▸ Aim of the task: Please return every line of the records that contains the word "below".
═══ Supplied material
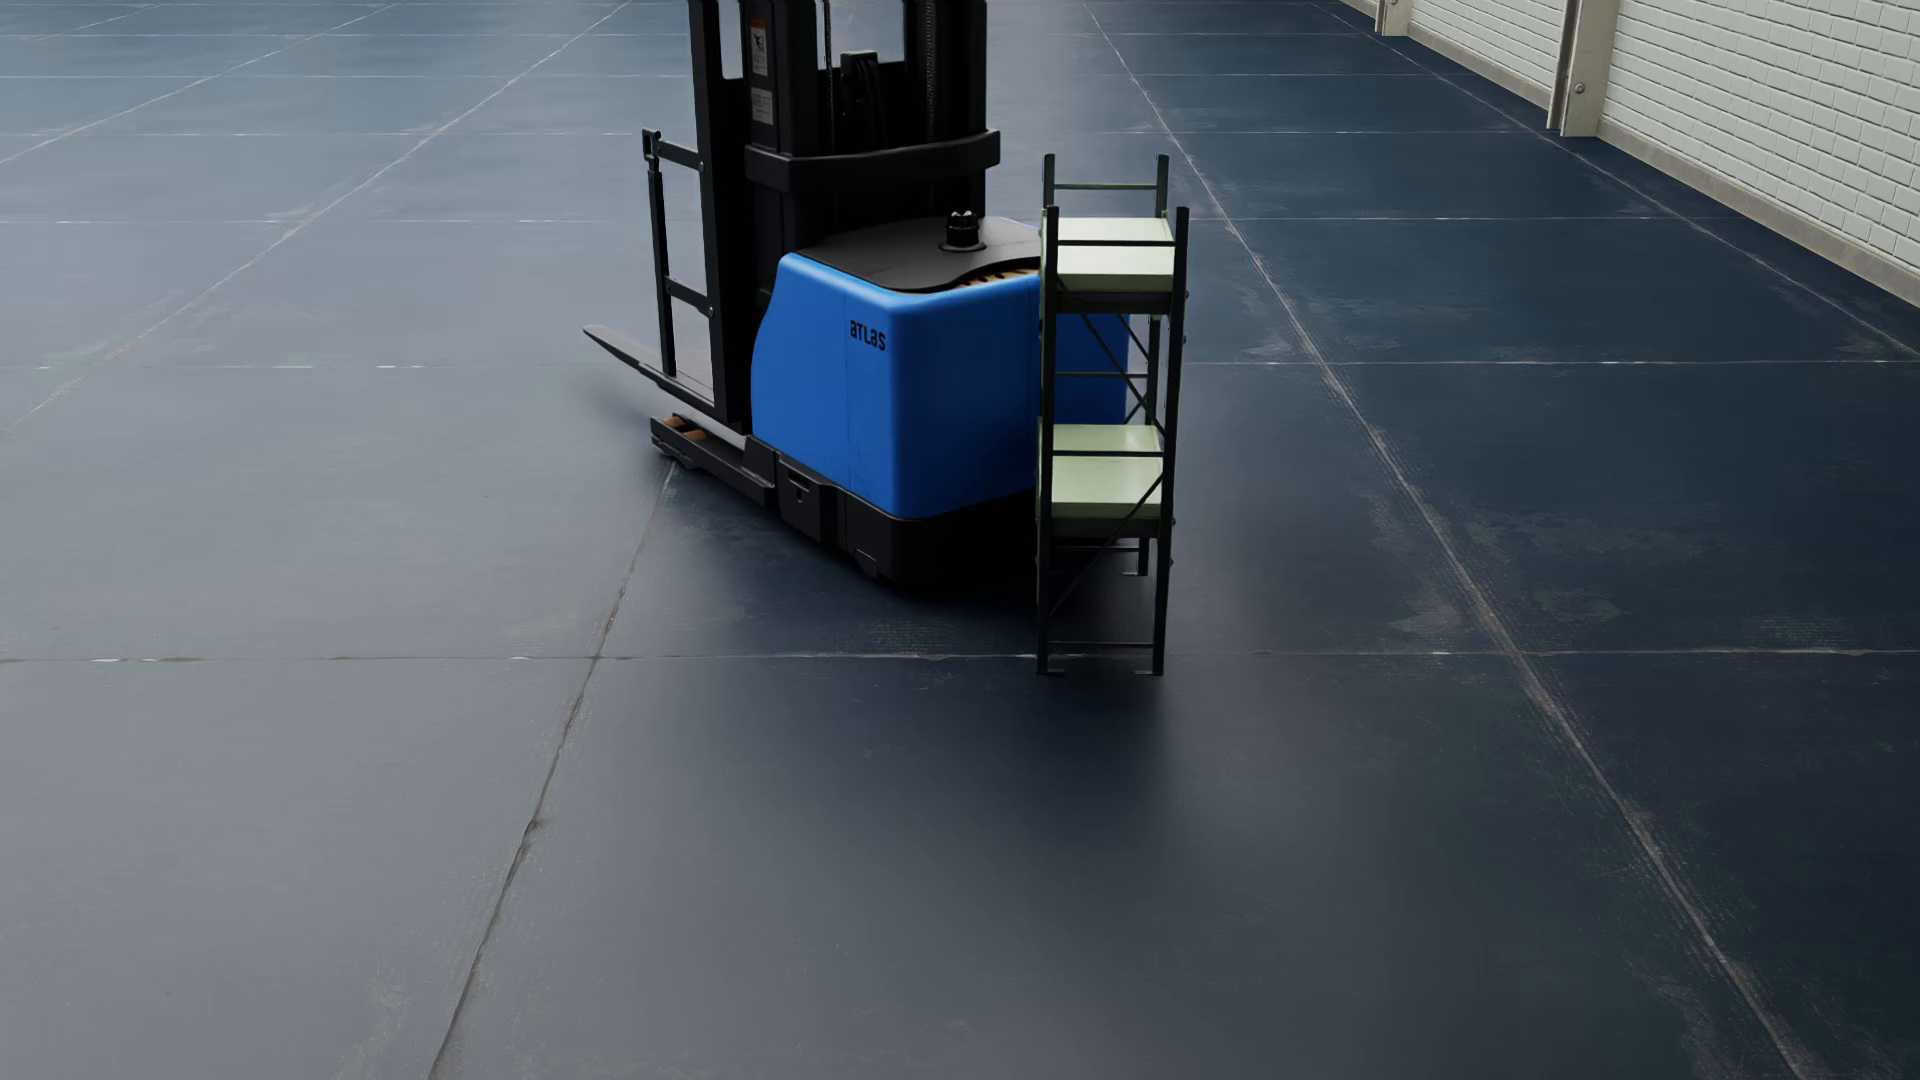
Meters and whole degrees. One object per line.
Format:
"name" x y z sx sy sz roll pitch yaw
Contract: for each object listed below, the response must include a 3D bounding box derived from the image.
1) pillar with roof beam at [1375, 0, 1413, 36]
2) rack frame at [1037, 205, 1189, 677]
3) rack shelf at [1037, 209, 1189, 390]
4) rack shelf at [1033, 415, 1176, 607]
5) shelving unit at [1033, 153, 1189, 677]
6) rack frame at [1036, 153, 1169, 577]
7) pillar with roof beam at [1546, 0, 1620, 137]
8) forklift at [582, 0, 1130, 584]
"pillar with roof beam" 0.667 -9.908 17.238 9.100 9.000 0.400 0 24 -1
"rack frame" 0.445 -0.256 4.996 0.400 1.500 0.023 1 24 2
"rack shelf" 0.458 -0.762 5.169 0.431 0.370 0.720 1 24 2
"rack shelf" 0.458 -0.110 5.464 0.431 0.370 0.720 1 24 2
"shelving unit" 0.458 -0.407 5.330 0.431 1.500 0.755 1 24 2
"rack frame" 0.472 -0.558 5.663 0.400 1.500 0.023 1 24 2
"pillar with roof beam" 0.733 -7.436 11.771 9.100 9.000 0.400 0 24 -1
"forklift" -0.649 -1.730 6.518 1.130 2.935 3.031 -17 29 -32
══════
═══ Supplied material
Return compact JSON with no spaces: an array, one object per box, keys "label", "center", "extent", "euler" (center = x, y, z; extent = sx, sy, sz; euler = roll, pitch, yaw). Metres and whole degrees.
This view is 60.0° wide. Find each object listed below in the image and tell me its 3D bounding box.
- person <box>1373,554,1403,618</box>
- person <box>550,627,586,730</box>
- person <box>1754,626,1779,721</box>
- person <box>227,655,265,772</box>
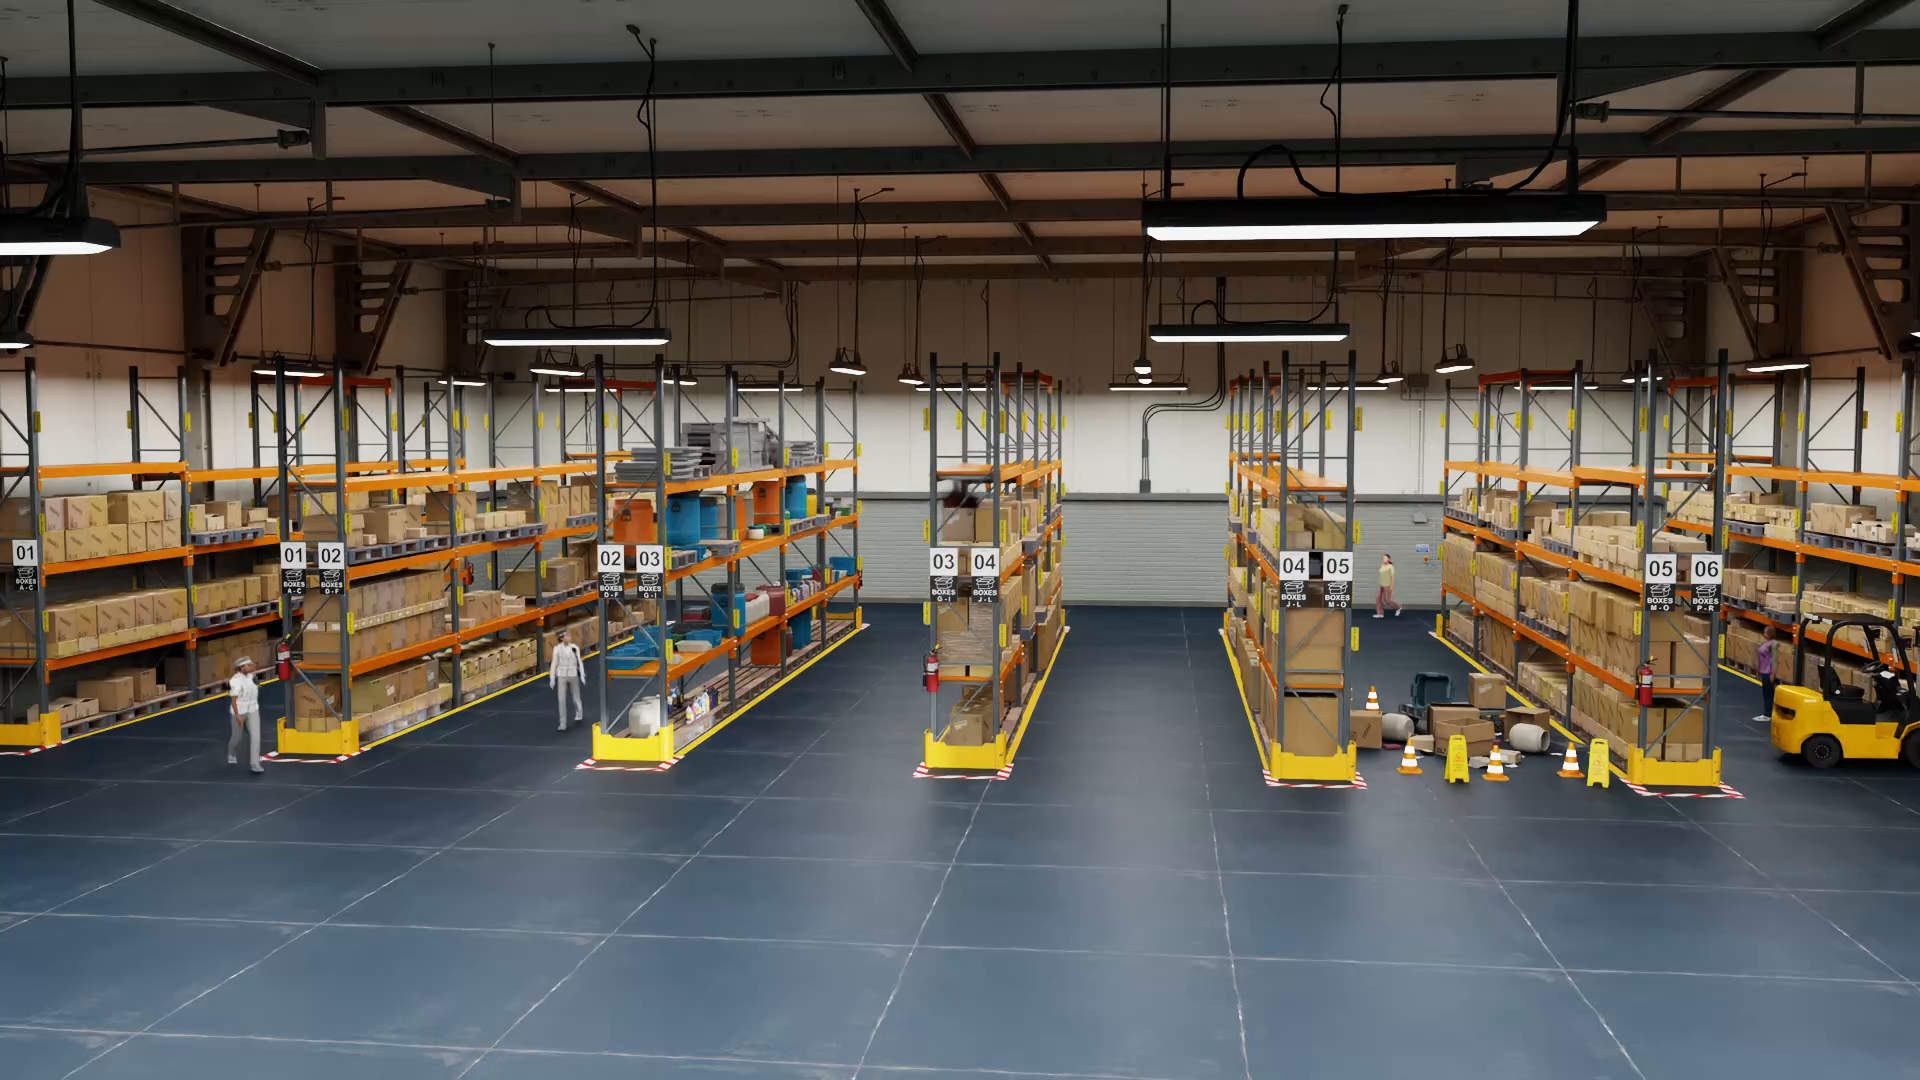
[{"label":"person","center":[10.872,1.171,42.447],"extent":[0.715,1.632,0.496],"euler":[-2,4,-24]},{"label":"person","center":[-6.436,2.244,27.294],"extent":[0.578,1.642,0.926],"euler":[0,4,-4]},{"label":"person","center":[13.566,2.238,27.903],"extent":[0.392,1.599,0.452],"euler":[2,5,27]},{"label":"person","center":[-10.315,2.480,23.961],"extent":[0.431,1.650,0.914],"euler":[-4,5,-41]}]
══════
▸ Completed exercise:
Contract: for each object listed below, the response must include a 3D bounding box derived from the image.
This view is 60.0° wide. Find each object listed below in the image and tell me its 3D bounding box.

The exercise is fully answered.